Correspondance de Gustave Flaubert/Tome 1/0063

Louis Conard (Volume 1p. 111-112).

63. À SA SŒUR.
Paris, 26 juillet 1842.

Ta lettre de ce matin, mon bon Carolo, m’a fait beaucoup plus de plaisir encore que les autres, parce que M. T***, que j’ai vu hier, m’avait appris que tu avais été fatiguée d’une course un peu trop longue. Dieu merci, cette fatigue n’a été que passagère. Ménage-toi bien, ma chère enfant, pense toujours à ceux qui t’aiment et à toute la peine que nous cause la plus petite douleur pour toi.

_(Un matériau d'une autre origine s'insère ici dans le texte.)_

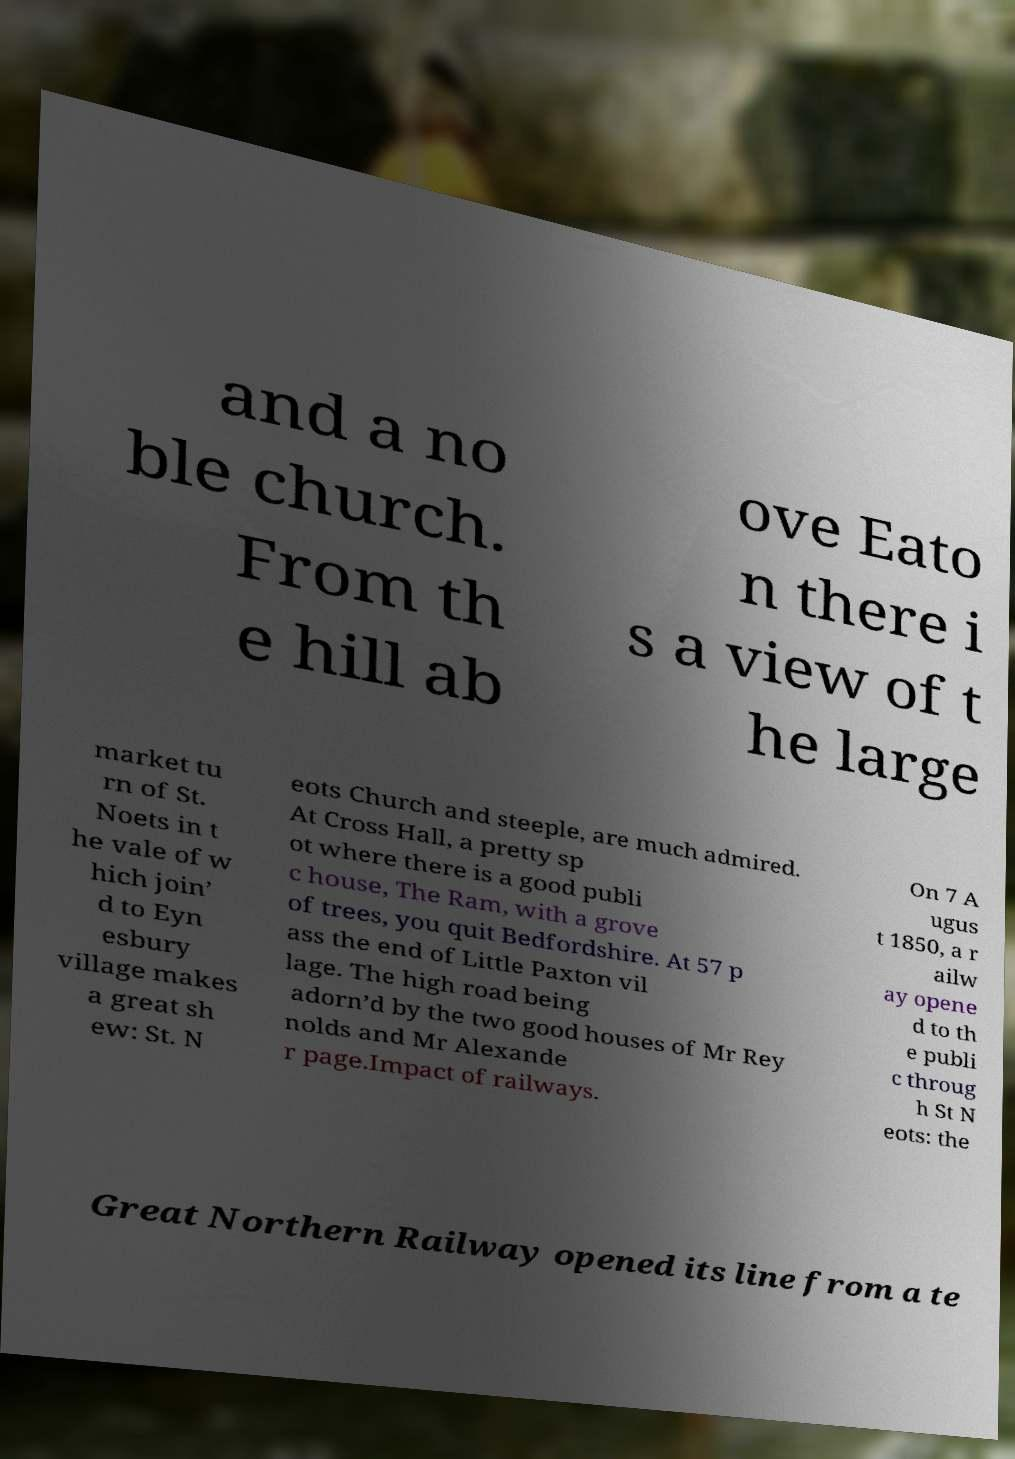I need the written content from this picture converted into text. Can you do that? and a no ble church. From th e hill ab ove Eato n there i s a view of t he large market tu rn of St. Noets in t he vale of w hich join’ d to Eyn esbury village makes a great sh ew: St. N eots Church and steeple, are much admired. At Cross Hall, a pretty sp ot where there is a good publi c house, The Ram, with a grove of trees, you quit Bedfordshire. At 57 p ass the end of Little Paxton vil lage. The high road being adorn’d by the two good houses of Mr Rey nolds and Mr Alexande r page.Impact of railways. On 7 A ugus t 1850, a r ailw ay opene d to th e publi c throug h St N eots: the Great Northern Railway opened its line from a te 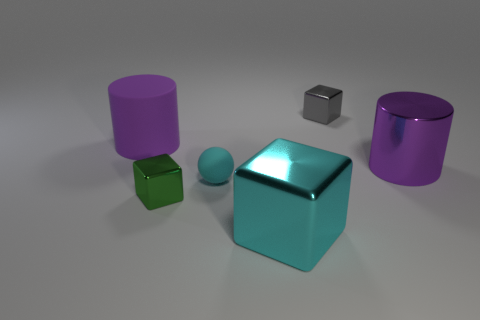Are there any other things that have the same shape as the cyan rubber thing?
Provide a succinct answer. No. Do the tiny gray thing and the purple shiny object have the same shape?
Your answer should be very brief. No. What is the size of the cyan object behind the cyan shiny block that is in front of the purple cylinder that is on the right side of the tiny gray object?
Keep it short and to the point. Small. There is a cyan object that is the same shape as the small gray object; what is it made of?
Offer a terse response. Metal. Is there anything else that is the same size as the gray cube?
Your answer should be compact. Yes. There is a purple cylinder on the right side of the purple rubber cylinder left of the cyan block; what size is it?
Your answer should be very brief. Large. What color is the matte sphere?
Ensure brevity in your answer.  Cyan. There is a tiny block in front of the purple matte object; how many blocks are to the right of it?
Your response must be concise. 2. Is there a purple matte cylinder to the right of the purple matte cylinder behind the tiny green shiny object?
Make the answer very short. No. There is a purple matte cylinder; are there any small cyan matte spheres left of it?
Provide a short and direct response. No. 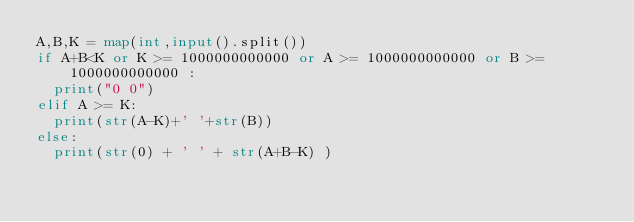<code> <loc_0><loc_0><loc_500><loc_500><_Python_>A,B,K = map(int,input().split())
if A+B<K or K >= 1000000000000 or A >= 1000000000000 or B >= 1000000000000 :
  print("0 0")
elif A >= K:
  print(str(A-K)+' '+str(B))
else:
  print(str(0) + ' ' + str(A+B-K) )
  </code> 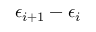<formula> <loc_0><loc_0><loc_500><loc_500>\epsilon _ { i + 1 } - \epsilon _ { i }</formula>

J’ai dîné hier chez M. T*** avec M. et Mme D***. Je me suis très bien conduit pendant tout le dîner (toujours distingué dans ma tenue et dans mes manières, comme Murat). Mais le soir, voilà qu’on s’avise de parler de Louis-Philippe, et que je déblatère contre lui à propos du musée de Versailles. Figure-toi en effet que ce porc-là, trouvant qu’un tableau de Gros n’était pas assez grand pour remplir un panneau de muraille, a imaginé d’arracher un côté du cadre et de faire ajouter deux ou trois pieds de toile, peinte par un artiste quelconque. Je voudrais voir la mine de cet artiste-là. Donc M. et Mme D***, qui sont philippistes enragés, qui vont à la cour et qui conséquemment, comme Mme de Sévigné après avoir dansé avec Louis XIV, disent : quel grand roi, ont été très choqués de la manière dont je traitais celui-ci. Mais tu sais que plus j’indigne les bourgeois, plus je suis content. Ainsi j’ai été très satisfait de ma soirée. Ils m’auront sans doute pris pour un légitimiste, parce que je me suis également « gaudy » sur le compte des hommes de l’opposition.

L’étude du Droit m’aigrit le caractère au plus haut point : je bougonne toujours, je rognonne, je maugrée, je grogne même contre moi-même et tout seul. Avant-hier soir j’aurais donné cent francs (que je n’avais pas) pour pouvoir administrer une pile [à] n’importe à qui.